Francisella tularensis is the causative agent of tularemia (a reportable disease in the U.S.). Unlike plague, tularemia occurs routinely in all 50 of the United States. Its primary reservoirs are rabbits, hares, and ticks. Man most commonly acquires tularemia via insect bites (ticks primarily, but also deer flies, mites, blackflies, or mosquitoes) or by handling infected animal tissues. Human disease (rabbit or deer fly fever) is characterized by a focal ulcer at the site of entry of the organisms and enlargement of the regional lymph nodes.
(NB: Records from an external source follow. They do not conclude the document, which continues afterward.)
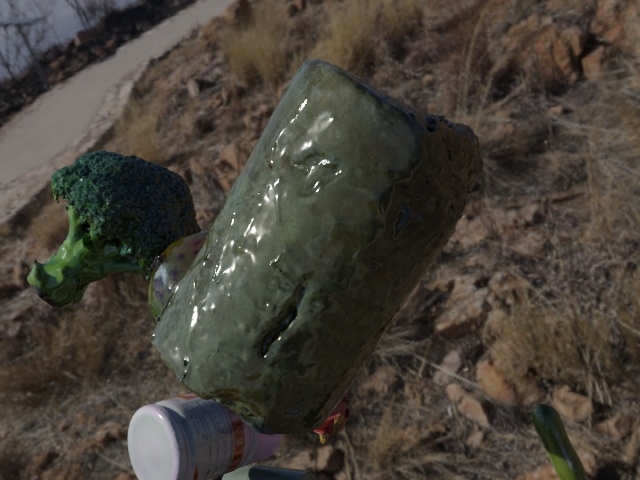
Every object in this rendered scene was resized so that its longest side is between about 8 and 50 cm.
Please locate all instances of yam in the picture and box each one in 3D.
[{"bbox_3d":[0.000,0.000,0.636,0.300,0.195,0.195,-58,22,9],"label":"yam"}]

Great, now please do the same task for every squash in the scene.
[{"bbox_3d":[0.418,0.364,1.247,0.052,0.183,0.052,-28,1,1],"label":"squash"}]

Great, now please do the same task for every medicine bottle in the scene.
[{"bbox_3d":[-0.263,0.450,1.675,0.202,0.202,0.316,2,5,42],"label":"medicine bottle"}]

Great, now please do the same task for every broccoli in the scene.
[{"bbox_3d":[-0.348,-0.013,1.230,0.297,0.297,0.297,-40,23,6],"label":"broccoli"}]

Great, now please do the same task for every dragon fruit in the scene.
[{"bbox_3d":[0.014,0.371,1.595,0.112,0.068,0.126,35,47,14],"label":"dragon fruit"}]

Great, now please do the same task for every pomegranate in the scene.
[{"bbox_3d":[-0.144,0.092,1.078,0.202,0.248,0.202,-44,27,30],"label":"pomegranate"}]

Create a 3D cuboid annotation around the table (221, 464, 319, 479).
[{"bbox_3d":[-0.124,0.620,1.768,0.220,0.126,0.126,-3,28,29],"label":"table"}]
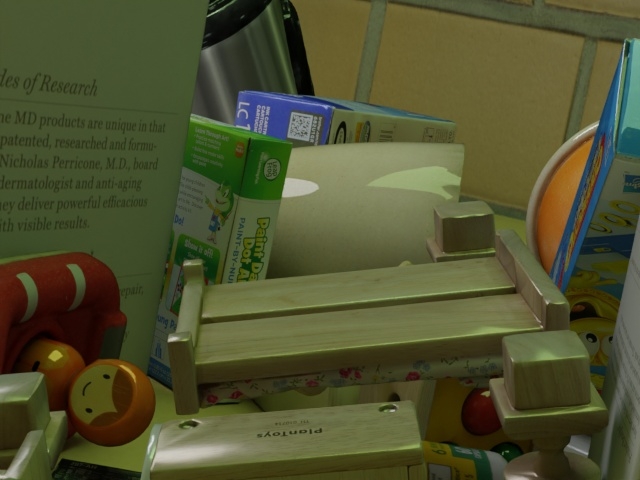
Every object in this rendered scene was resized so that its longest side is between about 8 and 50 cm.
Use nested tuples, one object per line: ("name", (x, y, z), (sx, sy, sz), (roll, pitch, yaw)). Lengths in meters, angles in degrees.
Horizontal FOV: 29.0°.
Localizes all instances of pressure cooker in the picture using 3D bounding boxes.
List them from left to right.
("pressure cooker", (-0.202, -0.205, 1.955), (0.376, 0.420, 0.370), (4, 37, 30))

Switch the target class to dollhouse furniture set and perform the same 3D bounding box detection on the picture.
("dollhouse furniture set", (-0.026, 0.115, 0.649), (0.303, 0.173, 0.355), (-5, 16, 0))

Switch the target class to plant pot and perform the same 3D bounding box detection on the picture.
("plant pot", (0.000, 0.000, 1.344), (0.274, 0.256, 0.256), (9, 9, 3))

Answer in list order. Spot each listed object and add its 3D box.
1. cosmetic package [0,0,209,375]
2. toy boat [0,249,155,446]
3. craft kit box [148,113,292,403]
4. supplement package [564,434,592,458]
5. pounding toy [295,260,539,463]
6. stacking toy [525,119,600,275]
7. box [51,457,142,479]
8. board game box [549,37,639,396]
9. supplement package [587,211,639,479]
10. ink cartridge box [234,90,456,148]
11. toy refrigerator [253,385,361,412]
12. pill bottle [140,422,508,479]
("cosmetic package", (-0.335, -0.086, 1.037), (0.330, 0.393, 0.327), (14, 9, 28))
("toy boat", (-0.184, 0.096, 0.850), (0.151, 0.151, 0.231), (17, 11, 18))
("craft kit box", (-0.141, 0.001, 1.188), (0.061, 0.246, 0.250), (2, 13, -39))
("supplement package", (0.242, 0.194, 0.856), (0.179, 0.105, 0.105), (2, 13, -43))
("pounding toy", (0.075, 0.113, 0.929), (0.206, 0.181, 0.094), (5, 10, -29))
("stacking toy", (0.423, 0.060, 1.526), (0.351, 0.350, 0.480), (11, 25, 7))
("box", (-0.142, 0.172, 0.831), (0.083, 0.018, 0.067), (10, 9, -2))
("board game box", (0.302, 0.032, 0.761), (0.308, 0.086, 0.302), (11, -32, 7))
("supplement package", (0.213, 0.136, 0.566), (0.175, 0.292, 0.177), (11, 9, 7))
("ink cartridge box", (0.009, -0.048, 1.598), (0.151, 0.269, 0.395), (13, 9, 30))
("toy refrigerator", (0.003, 0.120, 1.110), (0.102, 0.094, 0.269), (-1, 11, -22))
("pill bottle", (0.000, 0.165, 0.715), (0.209, 0.117, 0.117), (9, 9, -3))

As few as10 - 50 bacilli will cause disease in humans if inhaled or introduced intradermally, whereas a very large inoculum (~108 organisms) is required for the oral route of infection. Incubation period is 3 - 10 days. A small skin papule usually develops at the site of entry. Ulceration occurs together with fever, chills, malaise, fatigue, and usually lymphadenopathy. Bacteremia usually occurs and the bacilli then grow intracellularly in the reticuloendothelial system. Dissemination of the organisms through the bloodstream permits focal lesions to develop in numerous organs. The patient will normally exhibit one of several clinical syndromes. Ulcerogalndular form is most common (70 - 85%) in which a painful ulcerating papule which has a necrotic center and raised periphery develops at the site of infection. Other forms are glandular (lymphadenopathy without ulcer), typhoidal, pneumonic, oculoglandular and rarely oropharyngeal (pharyngotoncillitis with lymphadenopathy).

Pathogenesis

The capsule of the organism renders it resistant to phagocytosis. Intracellularly, the organisms resist killing by phagocytes and multiply. Most of the symptoms are due to cell-mediate hypersensitivity.

Diagnosis

F. tularensis is difficult to visualize in direct smears. The organism can be isolated from specimens of sputum, or lymph node aspirates inoculated on chocolate blood agar. Blood cultures are often negative. The organism grows very slowly and hence must be incubated for several days. The identity of the organism is confirmed with specific antisera.

Prevention and treatment

Streptomycin is the drug of choice for all forms of tularemia. Untreated, cases have a fatality rate of 5 - 15%. A live attenuated organism vaccine is available but its use is restricted to those persons who are at risk. Immunity appears to be cell mediated. One must avoid handling infected animals, watch out for ticks and utilize clean water supplies.

ERYSIPELOID

This is an occupational disease of butchers, meat processors, farmers, poultry workers, fish handlers: swine and fish handlers are particularly at risk. The causative agent, Erysipelothrix rhusiopathiae, is a Gram-positive anaerobic rod which infects through skin abrasion while handling contaminated animal products or soil. Generally, the organism produces an inflammatory skin lesion, on fingers or hand, which is violaceus and has a raised edge. It spreads peripherally, as the discoloration in the central area fades. The painful lesion is pruritic and causes a burning or throbbing sensation. It lacks suppuration and thus is distinguishable from staphylococcal erysipelas. Diffuse cutaneous infection and septicemia are rare. The organism can be cultured easily on most laboratory media. It is easily treatable with penicillin.